Assignment: Without the pictures, return each record as it appears.

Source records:

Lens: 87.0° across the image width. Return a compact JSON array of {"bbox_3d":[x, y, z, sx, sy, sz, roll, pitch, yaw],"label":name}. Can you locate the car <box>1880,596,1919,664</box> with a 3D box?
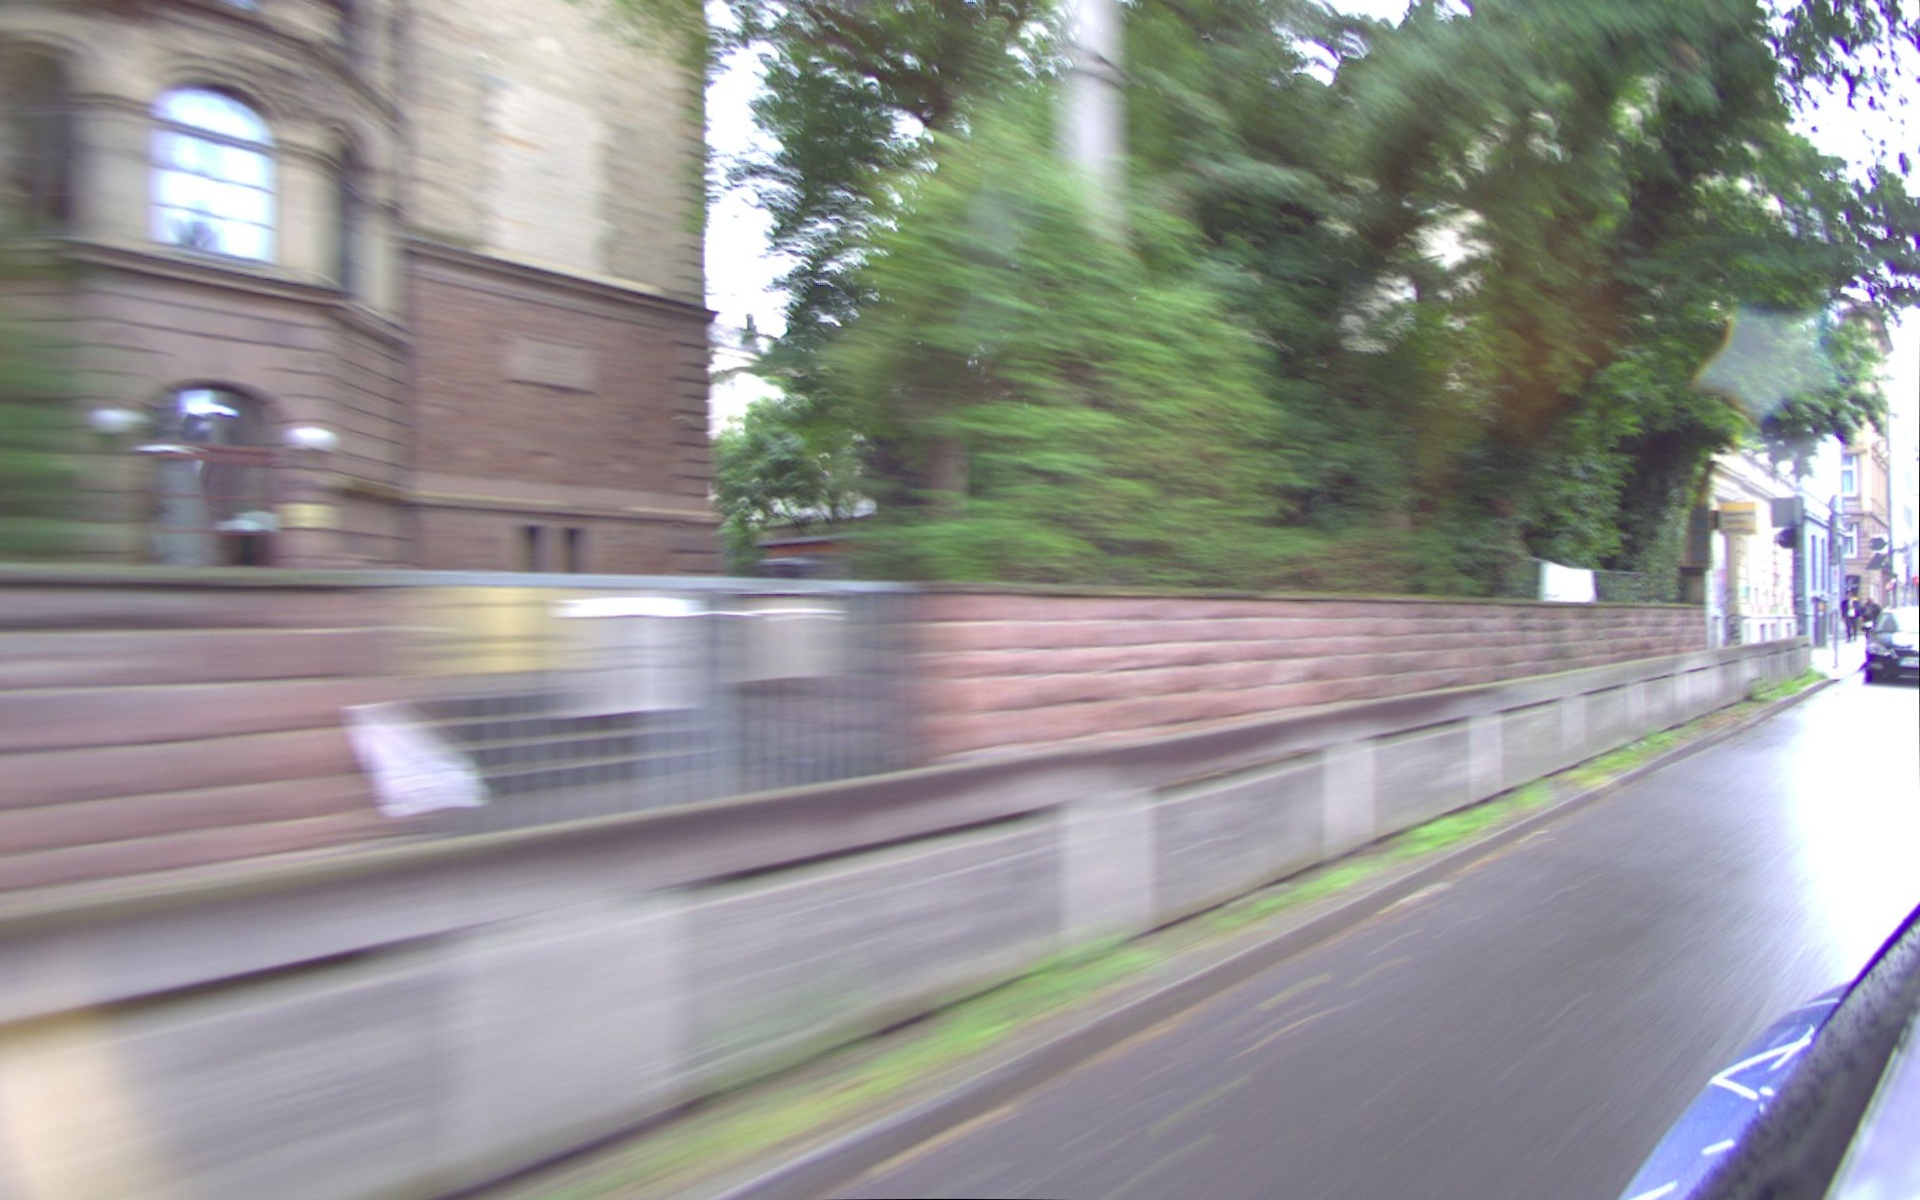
[{"bbox_3d":[23.632,0.682,24.566,1.755,1.549,4.264,-1,-1,44],"label":"car"}]

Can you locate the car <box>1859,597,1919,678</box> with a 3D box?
[{"bbox_3d":[19.861,0.711,20.735,4.173,1.549,1.785,0,-1,-43],"label":"car"}]

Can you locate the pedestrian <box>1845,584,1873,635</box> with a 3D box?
[{"bbox_3d":[34.832,0.372,39.224,0.763,1.938,0.578,-2,-2,44],"label":"pedestrian"}]

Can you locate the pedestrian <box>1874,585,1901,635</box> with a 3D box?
[{"bbox_3d":[35.422,0.384,38.633,0.714,1.914,0.590,-2,-2,44],"label":"pedestrian"}]

Task result:
Lens: 87.0° across the image width. Return a compact JSON array of {"bbox_3d":[x, y, z, sx, sy, sz, roll, pitch, yaw],"label":name}. Can you locate the car <box>1880,596,1919,664</box> with a 3D box?
[{"bbox_3d":[23.632,0.682,24.566,1.755,1.549,4.264,-1,-1,44],"label":"car"}]

Can you locate the car <box>1859,597,1919,678</box> with a 3D box?
[{"bbox_3d":[19.861,0.711,20.735,4.173,1.549,1.785,0,-1,-43],"label":"car"}]

Can you locate the pedestrian <box>1845,584,1873,635</box> with a 3D box?
[{"bbox_3d":[34.832,0.372,39.224,0.763,1.938,0.578,-2,-2,44],"label":"pedestrian"}]

Can you locate the pedestrian <box>1874,585,1901,635</box> with a 3D box?
[{"bbox_3d":[35.422,0.384,38.633,0.714,1.914,0.590,-2,-2,44],"label":"pedestrian"}]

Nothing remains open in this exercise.